Lamara Distin
- Lamara Distin at the Wanda Diamond League’s 2026 Weltklasse Zürich.

Personal information
- Born: 3 March 2000 (age 26) Hanover Parish, Jamaica

Sport
- Sport: Track and field
- Event: High jump
- College team: Texas A&M Aggies

Medal record
Women's athletics
Representing Jamaica
Commonwealth Games
| Gold medal – first place | 2022 Birmingham | High jump |
Pan American U20 Championships
| Silver medal – second place | 2019 San José | High jump |
NACAC U23 Championships
| Gold medal – first place | 2021 San José | High jump |
Carifta Games Junior (U20)
| Gold medal – first place | 2018 Nassau | High jump |
Carifta Games Youth (U18)
| Silver medal – second place | 2016 St. George's | High jump |

= Lamara Distin =

Jamaican high jumper

Lamara Distin (born 3 March 2000) is a Jamaican high jumper who won the gold medal at the 2022 Commonwealth Games. She is the Jamaican national record holder in the high jump. She represented Jamaica at the 2024 Summer Olympics.

== Career ==
Distin began her athletics career running in the 200, 400, and 800 metres in primary school. When she reached high school, she switched to high jump after a coach recommended it. She competed for Hydel High School and was the 2019 Jamaican high school national champion in the high jump and the triple jump. She won a gold medal at the 2018 CARIFTA Games in the high jump. She joined the Texas A&M Aggies track & field team in 2020.

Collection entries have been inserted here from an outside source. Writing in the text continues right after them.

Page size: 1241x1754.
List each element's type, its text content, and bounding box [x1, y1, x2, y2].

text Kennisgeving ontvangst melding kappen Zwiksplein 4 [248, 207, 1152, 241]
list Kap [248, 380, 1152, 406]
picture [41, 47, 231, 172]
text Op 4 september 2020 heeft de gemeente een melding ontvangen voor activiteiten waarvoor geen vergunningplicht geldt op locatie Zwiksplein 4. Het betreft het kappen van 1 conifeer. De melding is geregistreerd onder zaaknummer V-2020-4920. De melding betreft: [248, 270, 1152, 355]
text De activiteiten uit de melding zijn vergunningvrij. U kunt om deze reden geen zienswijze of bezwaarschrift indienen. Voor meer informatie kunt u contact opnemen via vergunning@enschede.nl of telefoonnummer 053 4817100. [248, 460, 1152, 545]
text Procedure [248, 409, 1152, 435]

At the 2022 Alumni Master, Distin jumped 1.97 metres to set a new Jamaican national record. She went on to win the 2022 NCAA Outdoor Championships. She represented Jamaica at the 2022 Commonwealth Games and won the high jump title after being the only athlete to clear the 1.95 metre jump. At the 2022 World Athletics Championships, she advanced into the finals and finished ninth.

Distin finished second at the 2023 NCAA Outdoor Championships. She won the Jamaican national title and secured a spot at the 2023 World Athletics Championships. There, she finished fifth after missing three attempts at the 1.97 metre jump.

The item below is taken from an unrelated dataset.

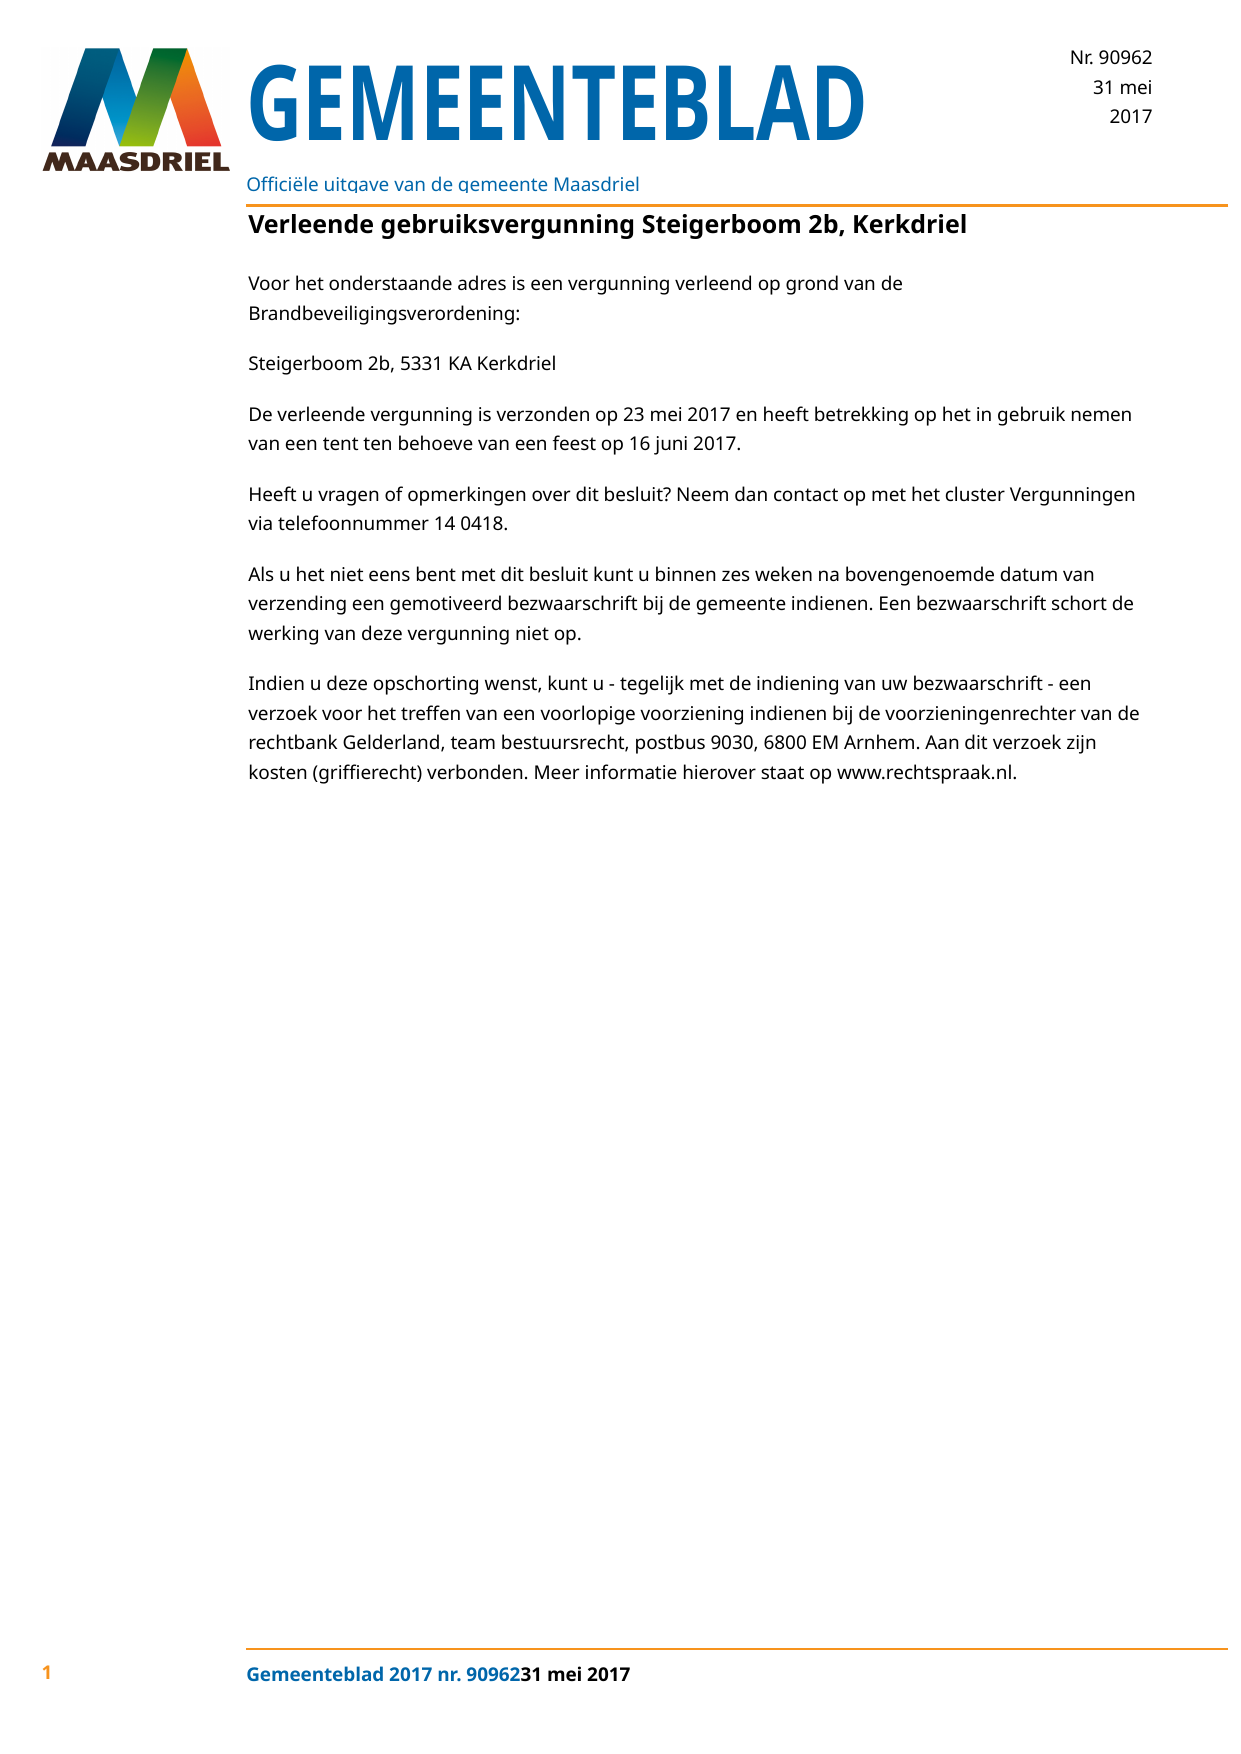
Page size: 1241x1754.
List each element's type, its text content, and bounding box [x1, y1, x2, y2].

Distin finished second to Rachel Glenn at the 2024 NCAA Indoor Championships after missing three attempts at a 2.00 metre jump. She then finished fourth at the 2024 NCAA Outdoor Championships. She represented Jamaica at the 2024 Summer Olympics but did not advance out of the qualification round, finishing 24th.

Distin advanced into the 2026 World Athletics Indoor Championships high jump final and finished tenth.

== Personal life ==
Distin was born and raised in the Hanover Parish in Jamaica.